To unlock a project, open it in the VBA Editor (supplying the password), display the VBA Project Properties dialog box (by right-clicking the project's name in the Project Explorer, and then choosing the Project Properties option from the context menu), clear the Lock Project For Viewing check box on the Protection page, and click the OK button. Save the file that contains the project.

The Bottom Line

• Understand how VBA implements security. Microsoft takes a multipronged approach to protecting users from malicious VBA code embedded in documents and capable of launching itself when the user simply opens the document.
  • Master It Name two ways that users are protected from malicious VBA code.
• Sign a macro project with a digital signature. You can add a digital signature to your projects by creating your own certification, getting it from your company, or getting it from certification authorities such as VeriSign.
  • Master It Describe the limitations of self-certifying a VBA macro project—without obtaining a certificate from your company or a commercial certification authority.
• Get a digital certificate.
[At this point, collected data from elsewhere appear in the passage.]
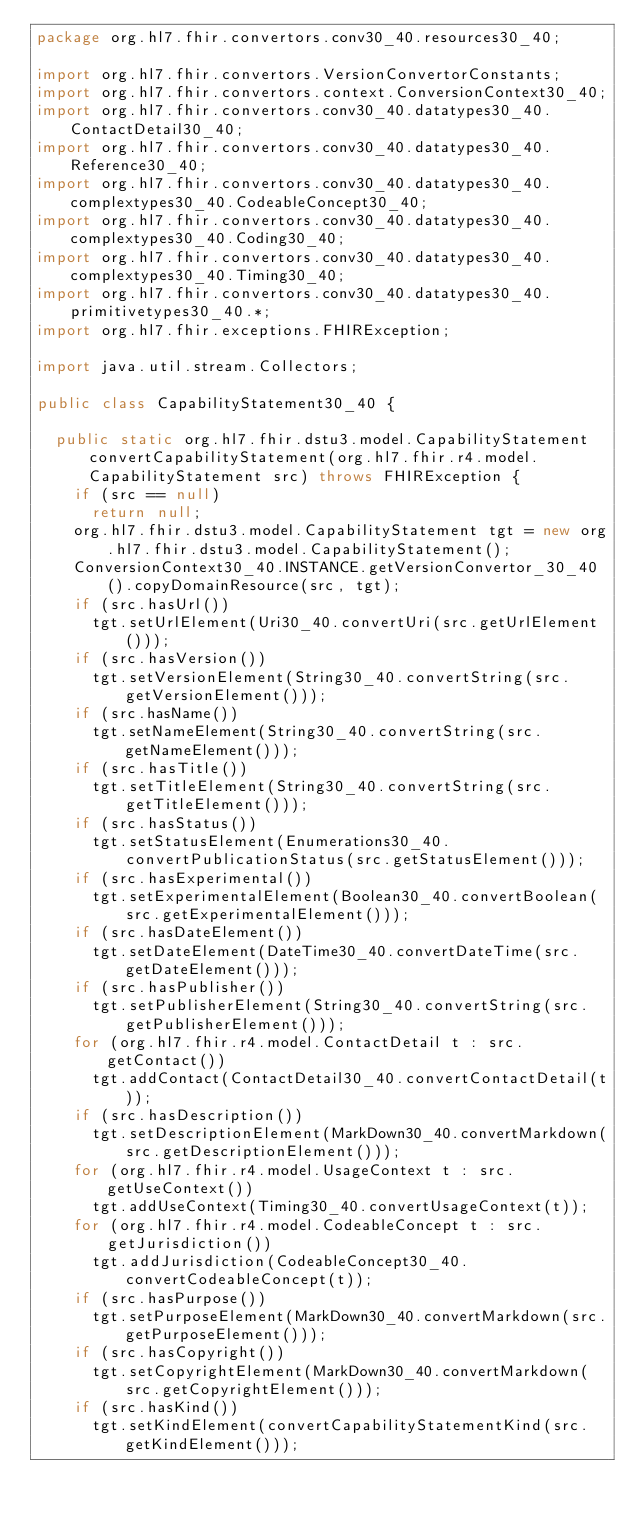<code> <loc_0><loc_0><loc_500><loc_500><_Java_>package org.hl7.fhir.convertors.conv30_40.resources30_40;

import org.hl7.fhir.convertors.VersionConvertorConstants;
import org.hl7.fhir.convertors.context.ConversionContext30_40;
import org.hl7.fhir.convertors.conv30_40.datatypes30_40.ContactDetail30_40;
import org.hl7.fhir.convertors.conv30_40.datatypes30_40.Reference30_40;
import org.hl7.fhir.convertors.conv30_40.datatypes30_40.complextypes30_40.CodeableConcept30_40;
import org.hl7.fhir.convertors.conv30_40.datatypes30_40.complextypes30_40.Coding30_40;
import org.hl7.fhir.convertors.conv30_40.datatypes30_40.complextypes30_40.Timing30_40;
import org.hl7.fhir.convertors.conv30_40.datatypes30_40.primitivetypes30_40.*;
import org.hl7.fhir.exceptions.FHIRException;

import java.util.stream.Collectors;

public class CapabilityStatement30_40 {

  public static org.hl7.fhir.dstu3.model.CapabilityStatement convertCapabilityStatement(org.hl7.fhir.r4.model.CapabilityStatement src) throws FHIRException {
    if (src == null)
      return null;
    org.hl7.fhir.dstu3.model.CapabilityStatement tgt = new org.hl7.fhir.dstu3.model.CapabilityStatement();
    ConversionContext30_40.INSTANCE.getVersionConvertor_30_40().copyDomainResource(src, tgt);
    if (src.hasUrl())
      tgt.setUrlElement(Uri30_40.convertUri(src.getUrlElement()));
    if (src.hasVersion())
      tgt.setVersionElement(String30_40.convertString(src.getVersionElement()));
    if (src.hasName())
      tgt.setNameElement(String30_40.convertString(src.getNameElement()));
    if (src.hasTitle())
      tgt.setTitleElement(String30_40.convertString(src.getTitleElement()));
    if (src.hasStatus())
      tgt.setStatusElement(Enumerations30_40.convertPublicationStatus(src.getStatusElement()));
    if (src.hasExperimental())
      tgt.setExperimentalElement(Boolean30_40.convertBoolean(src.getExperimentalElement()));
    if (src.hasDateElement())
      tgt.setDateElement(DateTime30_40.convertDateTime(src.getDateElement()));
    if (src.hasPublisher())
      tgt.setPublisherElement(String30_40.convertString(src.getPublisherElement()));
    for (org.hl7.fhir.r4.model.ContactDetail t : src.getContact())
      tgt.addContact(ContactDetail30_40.convertContactDetail(t));
    if (src.hasDescription())
      tgt.setDescriptionElement(MarkDown30_40.convertMarkdown(src.getDescriptionElement()));
    for (org.hl7.fhir.r4.model.UsageContext t : src.getUseContext())
      tgt.addUseContext(Timing30_40.convertUsageContext(t));
    for (org.hl7.fhir.r4.model.CodeableConcept t : src.getJurisdiction())
      tgt.addJurisdiction(CodeableConcept30_40.convertCodeableConcept(t));
    if (src.hasPurpose())
      tgt.setPurposeElement(MarkDown30_40.convertMarkdown(src.getPurposeElement()));
    if (src.hasCopyright())
      tgt.setCopyrightElement(MarkDown30_40.convertMarkdown(src.getCopyrightElement()));
    if (src.hasKind())
      tgt.setKindElement(convertCapabilityStatementKind(src.getKindElement()));</code>

Commercial certification authorities provide the greatest level of security, but their certification is also more difficult to attain than self-certification or certification from your company.
  • Master It Name some of the ways you may be required to prove your identity when obtaining a digital signature from a commercial certification authority.
• Choose the appropriate security level. When choosing the right security level to use VBA macros safely, you or a user of your code must achieve a balance. The security level must be set high enough to avoid malicious or incompetent code but low enough that it doesn't prevent you from running useful, safe code.
  • Master It To set a suitable level of security for your purposes, open the Trust Center in Access, Word, Excel, or PowerPoint. You'll see four settings. Which one of the following five settings is not available?
    • Disable All Macros Without Notification
    • Disable All Macros With Notification
    • Disable All Macros Except Digitally Signed Macros
    • Enable All Macros With Notification
    • Enable All Macros
• Lock your code You can protect your source code in the VBA Editor from others. You can add a password to a project so that others can't open your VBA procedures for reading or modifying. (Although this feature might still be broken in Office 2019.)
  • Master It What is one drawback to locking your code?